Items from a dataset
╭──
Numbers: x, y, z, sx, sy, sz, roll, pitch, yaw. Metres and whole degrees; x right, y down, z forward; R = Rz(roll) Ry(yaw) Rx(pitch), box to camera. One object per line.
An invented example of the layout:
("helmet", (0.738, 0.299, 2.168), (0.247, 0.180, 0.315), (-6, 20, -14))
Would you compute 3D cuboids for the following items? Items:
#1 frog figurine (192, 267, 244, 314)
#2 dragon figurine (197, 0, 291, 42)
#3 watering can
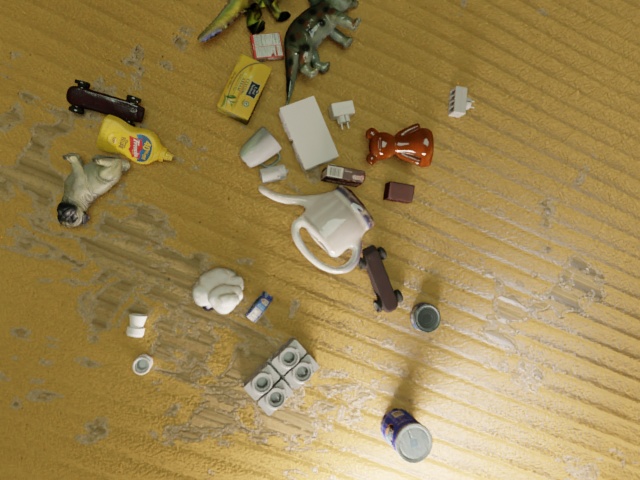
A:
╰──
• _Assignment_
Reproduce exactly, and only, the lines from the one containing "Would you compute" through the last line of the records above, both included, leaving out any pictures.

• _Response box_
Would you compute 3D cuboids for the following items? Items:
#1 frog figurine (192, 267, 244, 314)
#2 dragon figurine (197, 0, 291, 42)
#3 watering can
A:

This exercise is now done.